This ended the interview. I went to the home of my friend that evening, and informed him and his amiable wife of what had been said and done. They thanked me warmly for my efforts in their behalf, and assured me that there was a future before them, and that in the battle of life they were determined to know no such word as "fail." A few weeks later my friend's official connection with the public service was suddenly terminated. He and his family then left Washington for Kansas, I think. About a year thereafter he had occasion to visit Washington on business. I happened to be there at that time. He called to see me and informed me that, instead of regretting what had occurred, he had every reason to be thankful for it, since he had done very much better than he could have done had he remained at Washington. I was, of course, very much gratified to hear this and warmly congratulated him. Since that time, however, I have not seen him nor any member of his family, nor have I heard anything from them except indirectly, although I have made a number of unsuccessful efforts to find them.
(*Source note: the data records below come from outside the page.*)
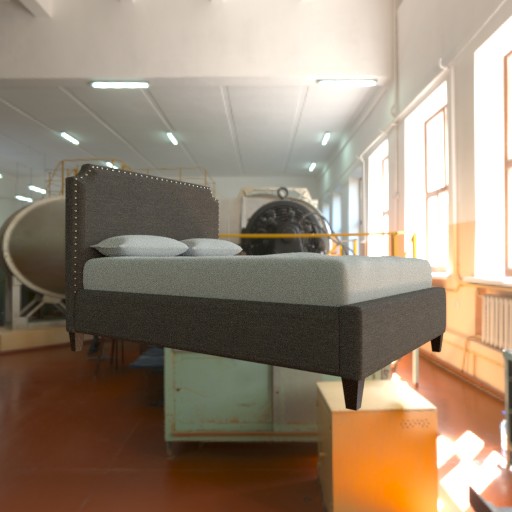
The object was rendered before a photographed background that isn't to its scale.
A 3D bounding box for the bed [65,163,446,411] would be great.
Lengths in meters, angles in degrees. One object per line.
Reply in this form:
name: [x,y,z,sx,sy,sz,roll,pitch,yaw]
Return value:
bed: [0.000,0.000,3.395,2.381,1.457,1.713,0,0,36]
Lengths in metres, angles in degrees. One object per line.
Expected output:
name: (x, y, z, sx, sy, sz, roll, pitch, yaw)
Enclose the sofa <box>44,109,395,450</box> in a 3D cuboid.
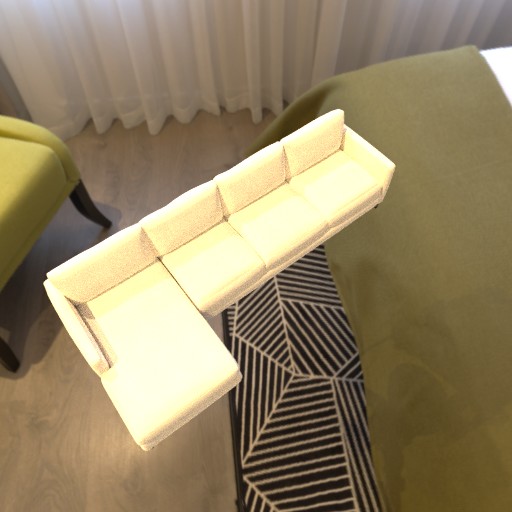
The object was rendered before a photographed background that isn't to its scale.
sofa: (0.000, 0.000, 3.856, 3.186, 0.875, 1.467, -33, 64, -19)
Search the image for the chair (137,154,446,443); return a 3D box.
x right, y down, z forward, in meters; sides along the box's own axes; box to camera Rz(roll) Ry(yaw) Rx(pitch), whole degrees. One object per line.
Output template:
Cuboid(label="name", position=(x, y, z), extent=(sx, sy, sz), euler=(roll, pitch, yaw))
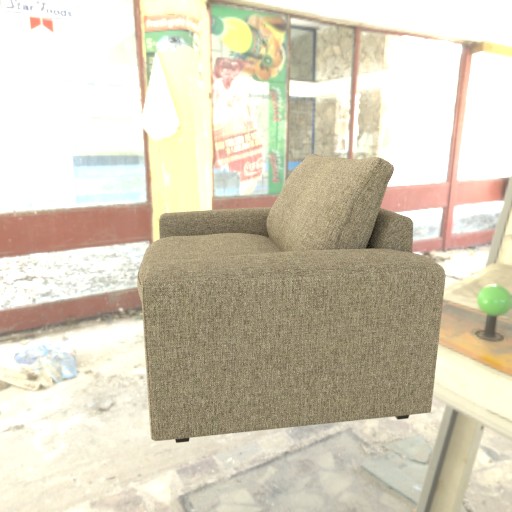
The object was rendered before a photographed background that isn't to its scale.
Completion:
Cuboid(label="chair", position=(0.000, 0.000, 2.055), extent=(1.039, 0.915, 1.398), euler=(-2, 14, -9))
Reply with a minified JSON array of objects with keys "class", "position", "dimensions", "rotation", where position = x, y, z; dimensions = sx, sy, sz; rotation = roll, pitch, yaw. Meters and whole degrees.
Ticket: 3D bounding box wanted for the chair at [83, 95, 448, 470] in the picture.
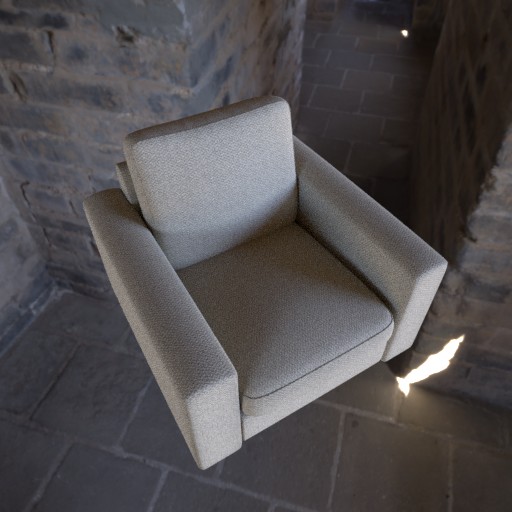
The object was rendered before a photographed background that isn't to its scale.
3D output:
[{"class":"chair","position":[0.000,0.000,1.705],"dimensions":[1.005,0.873,1.016],"rotation":[-23,50,-21]}]
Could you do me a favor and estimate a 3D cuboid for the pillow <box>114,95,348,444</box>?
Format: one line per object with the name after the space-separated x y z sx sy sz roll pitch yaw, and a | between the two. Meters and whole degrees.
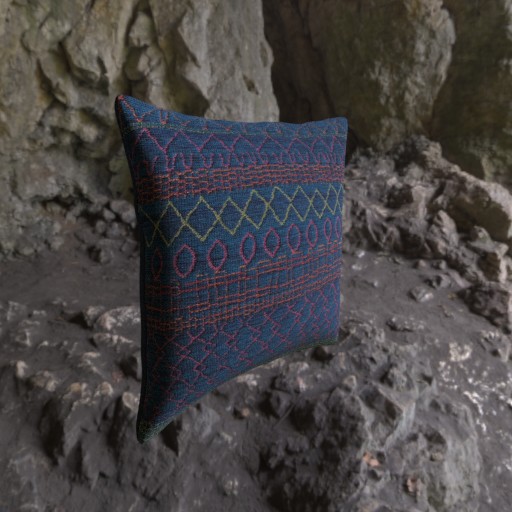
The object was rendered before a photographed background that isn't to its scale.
0.000 0.000 0.671 0.431 0.431 0.141 -13 19 -43 | pillow
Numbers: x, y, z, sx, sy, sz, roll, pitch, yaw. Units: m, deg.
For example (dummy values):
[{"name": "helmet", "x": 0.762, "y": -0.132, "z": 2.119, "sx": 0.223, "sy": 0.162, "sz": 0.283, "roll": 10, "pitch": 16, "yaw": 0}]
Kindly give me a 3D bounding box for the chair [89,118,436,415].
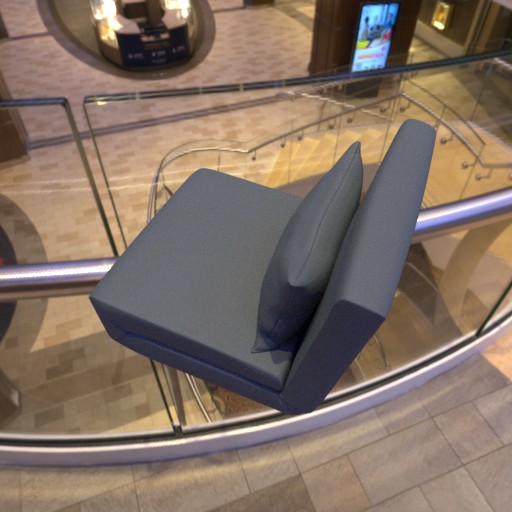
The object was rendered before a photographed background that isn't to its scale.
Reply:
[{"name": "chair", "x": 0.000, "y": 0.000, "z": 1.506, "sx": 0.900, "sy": 0.808, "sz": 0.770, "roll": 17, "pitch": 50, "yaw": 15}]
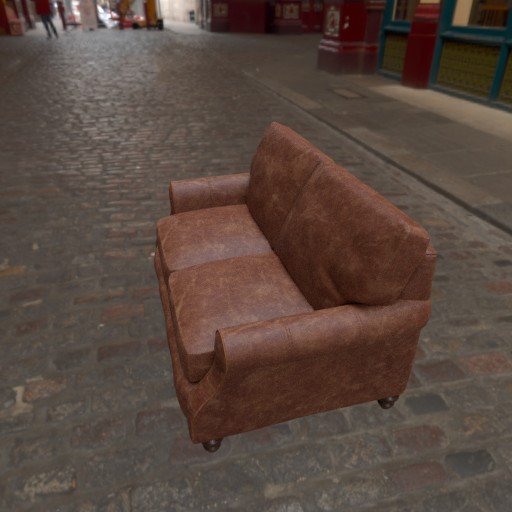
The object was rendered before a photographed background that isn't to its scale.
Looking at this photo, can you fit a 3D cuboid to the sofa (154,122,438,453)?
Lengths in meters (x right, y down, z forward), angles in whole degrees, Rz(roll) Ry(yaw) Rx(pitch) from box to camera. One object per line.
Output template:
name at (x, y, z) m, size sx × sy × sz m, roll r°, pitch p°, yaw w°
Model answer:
sofa at (0.000, 0.000, 2.236) m, size 0.990 × 0.967 × 1.616 m, roll -8°, pitch 32°, yaw -14°

I am inclined to the opinion that, like thousands of people of the same class, their identity with the colored race has long since ceased and that they have been absorbed by the white race, as I firmly believe will be true of the great mass of colored Americans. It is to prevent any embarrassment growing out of the probability of this condition that has actuated me in not making public the names of the parties in question. No good could come of the disclosure, and much harm might follow. I can, however, most positively assure the public that this is not a fiction,—that it is not a mere picture that is painted from the vividness of my imagination, but that the story as related in all its details is based upon actual occurrences.

With this one exception, Secretary Lamar retained in office every clerk whose name appeared on the list that I gave him. They were not only retained throughout the Administration but many of them were promoted. It can be said to the credit of Secretary Lamar that during his administration very few changes were made in the clerical force of the department for political reasons, and, as a rule, the clerks were treated with justice, fairness and impartiality.